→ **EXERCISE OBJECTIVE**:
Copy, word for word, the opening line of the data and each line after it until the line that contains "use std::io::Read;", which is included. Leave the pictures out.

============

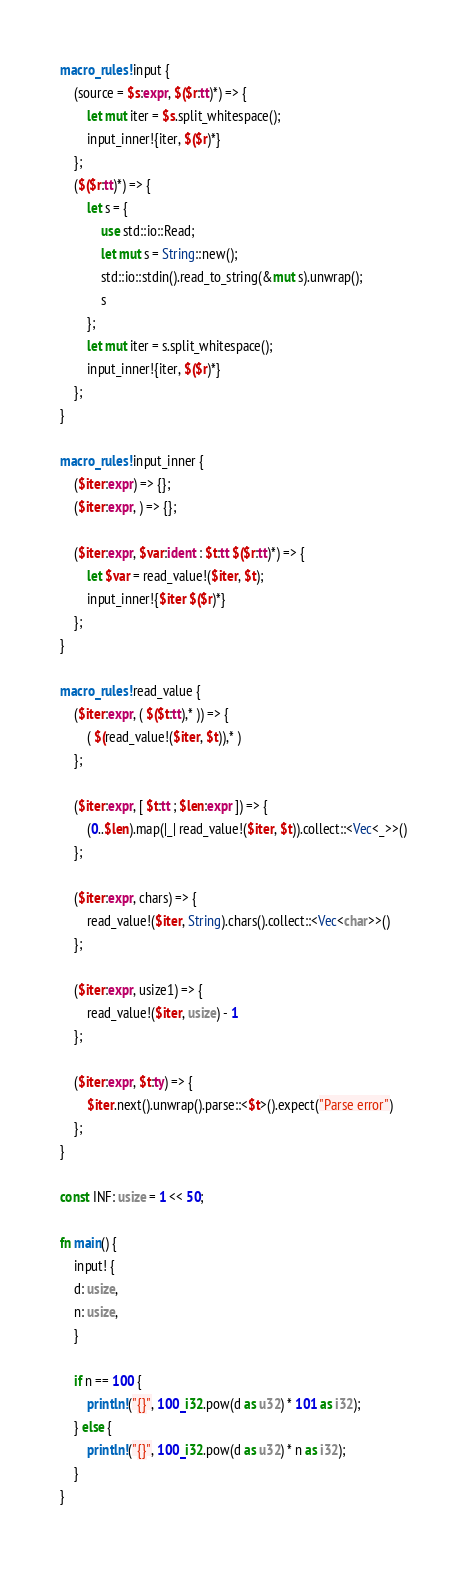<code> <loc_0><loc_0><loc_500><loc_500><_Rust_>macro_rules! input {
    (source = $s:expr, $($r:tt)*) => {
        let mut iter = $s.split_whitespace();
        input_inner!{iter, $($r)*}
    };
    ($($r:tt)*) => {
        let s = {
            use std::io::Read;
            let mut s = String::new();
            std::io::stdin().read_to_string(&mut s).unwrap();
            s
        };
        let mut iter = s.split_whitespace();
        input_inner!{iter, $($r)*}
    };
}

macro_rules! input_inner {
    ($iter:expr) => {};
    ($iter:expr, ) => {};

    ($iter:expr, $var:ident : $t:tt $($r:tt)*) => {
        let $var = read_value!($iter, $t);
        input_inner!{$iter $($r)*}
    };
}

macro_rules! read_value {
    ($iter:expr, ( $($t:tt),* )) => {
        ( $(read_value!($iter, $t)),* )
    };

    ($iter:expr, [ $t:tt ; $len:expr ]) => {
        (0..$len).map(|_| read_value!($iter, $t)).collect::<Vec<_>>()
    };

    ($iter:expr, chars) => {
        read_value!($iter, String).chars().collect::<Vec<char>>()
    };

    ($iter:expr, usize1) => {
        read_value!($iter, usize) - 1
    };

    ($iter:expr, $t:ty) => {
        $iter.next().unwrap().parse::<$t>().expect("Parse error")
    };
}

const INF: usize = 1 << 50;

fn main() {
    input! {
    d: usize,
    n: usize,
    }

    if n == 100 {
        println!("{}", 100_i32.pow(d as u32) * 101 as i32);
    } else {
        println!("{}", 100_i32.pow(d as u32) * n as i32);
    }
}
</code>

============

→ **FINISHED TASK**:
<code> <loc_0><loc_0><loc_500><loc_500><_Rust_>macro_rules! input {
    (source = $s:expr, $($r:tt)*) => {
        let mut iter = $s.split_whitespace();
        input_inner!{iter, $($r)*}
    };
    ($($r:tt)*) => {
        let s = {
            use std::io::Read;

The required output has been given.